Audit was driven from tikoci/lsp-routeros-ts while evaluating whether to vendor
canonicalize.ts for prose-text command extraction (chat input, MCP tool input,
markdown snippets). Full audit doc with methodology, findings, and proposed
hardenings:

https://github.com/tikoci/lsp-routeros-ts/blob/main/docs/canonicalize-audit.md

50-input probe across 6 categories (prose, comment/quote, bracket/brace,
scripting constructs, identifier-shaped values, markdown). Zero crashes
the parser is robust as a parser. 12 wrong-but-quiet correctness gaps when
fed anything other than clean CLI input.

Test surface lives at src/canonicalize.fuzz.test.ts — anchor tests document
current behaviour, test.todo markers list the unshipped hardenings below.

Hardening roadmap

Already shipped (commit 9be870b)

  • H7 — BOM strip + zero-width space as whitespace
  • Backticks as whitespace (in both outer + word loops)
  • Universal verb expansionclear, unset, reset-counters,
    reset-counters-all added to GENERAL_COMMANDS after DB cross-check

Still on the books

  • H1: mode: 'strict' | 'lenient' parameter. Today a leading word
    like `Run /ip/address/print` becomes `{path: "/Run/ip/address", verb: "print"}`
    because mid-line slash never restarts path context. Lenient mode should
    drop leading prose and start a new command on stray slashes. Strict mode
    preserves today's behaviour. Anchor test:
    `describe('finding Add SafeSkill security badge (73/100 — Passes with Notes) #1 — mid-line slash does not restart path (anchor)')`.
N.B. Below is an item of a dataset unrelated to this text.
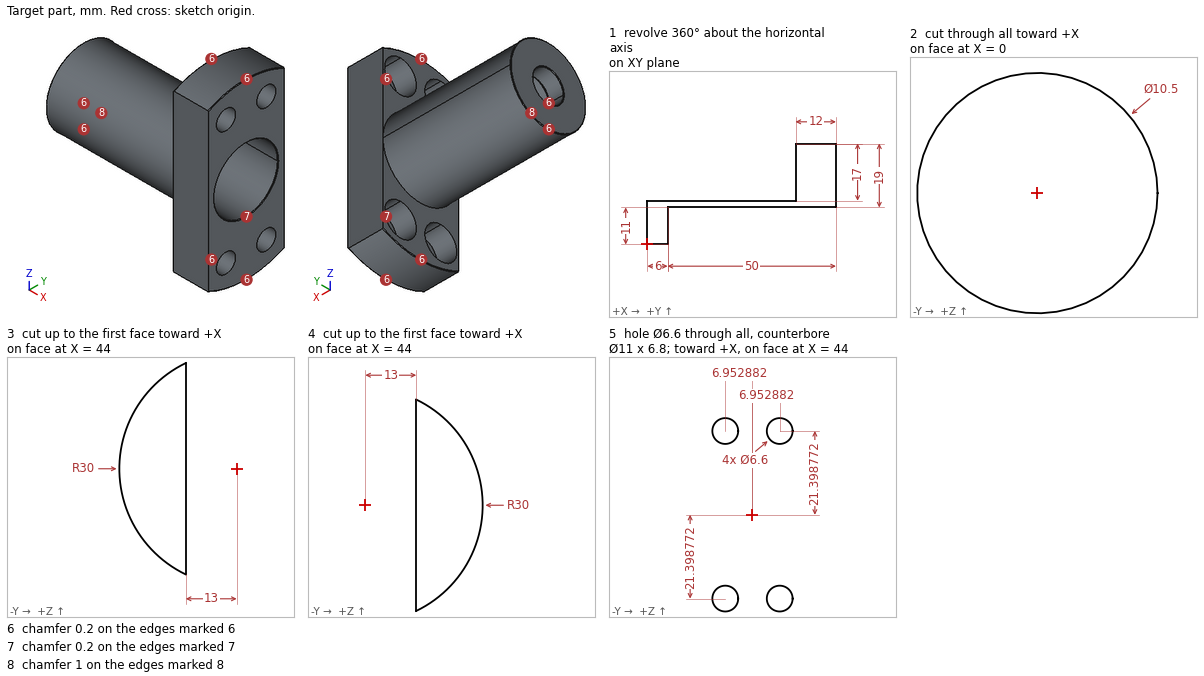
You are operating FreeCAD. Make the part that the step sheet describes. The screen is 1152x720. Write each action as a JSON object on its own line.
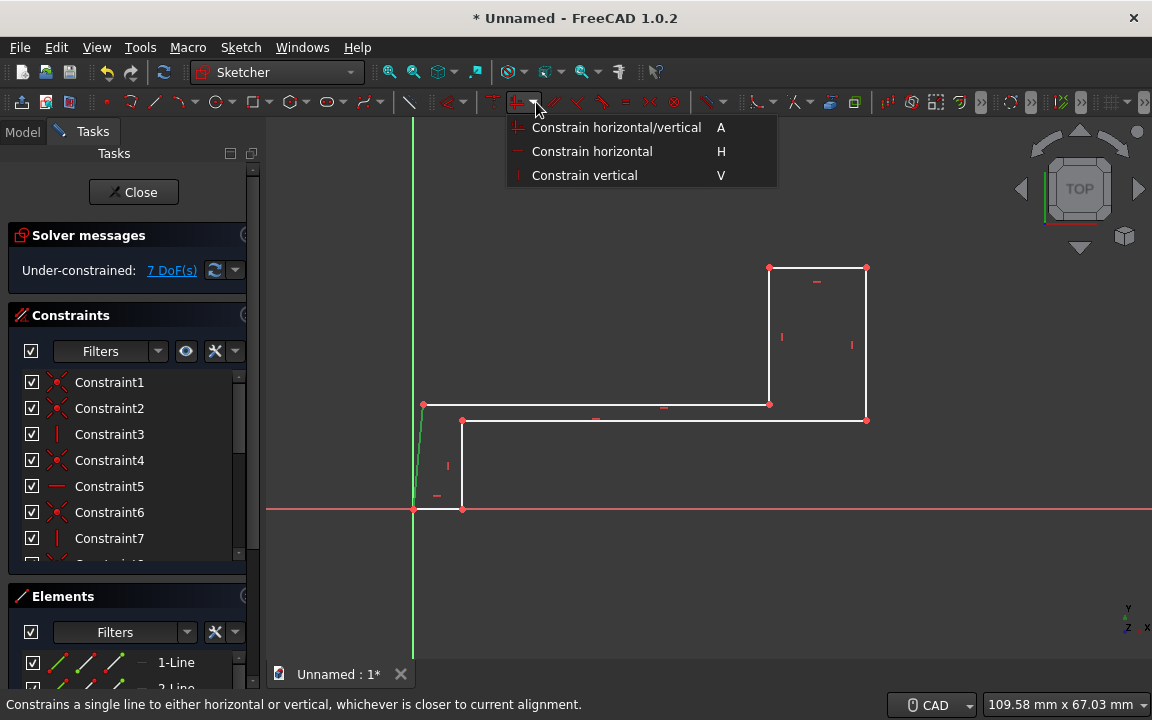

  • H2: Tok.Var for \$identifier. Variables are tolerated in args
    position (most common case works) but treated as path segments when they
    appear after a path-shaped run with no recognised verb. Adding a dedicated
    token type makes them never-a-segment.

  • H3: paren (…) expression scope. `:if ($x = 1) do={ /log/info "yes" }`
    produces ZERO commands today — parens aren't tokenized; the entire
    expression is consumed as garbage tokens that swallow the do-block.
    Inconsistently, `:while ($i < 10) do={ /log/info $i }` extracts the
    inner command. Recommend tokenizing `(` and `)` and skipping their
    contents (or recursing for any nested `[…]` subshells).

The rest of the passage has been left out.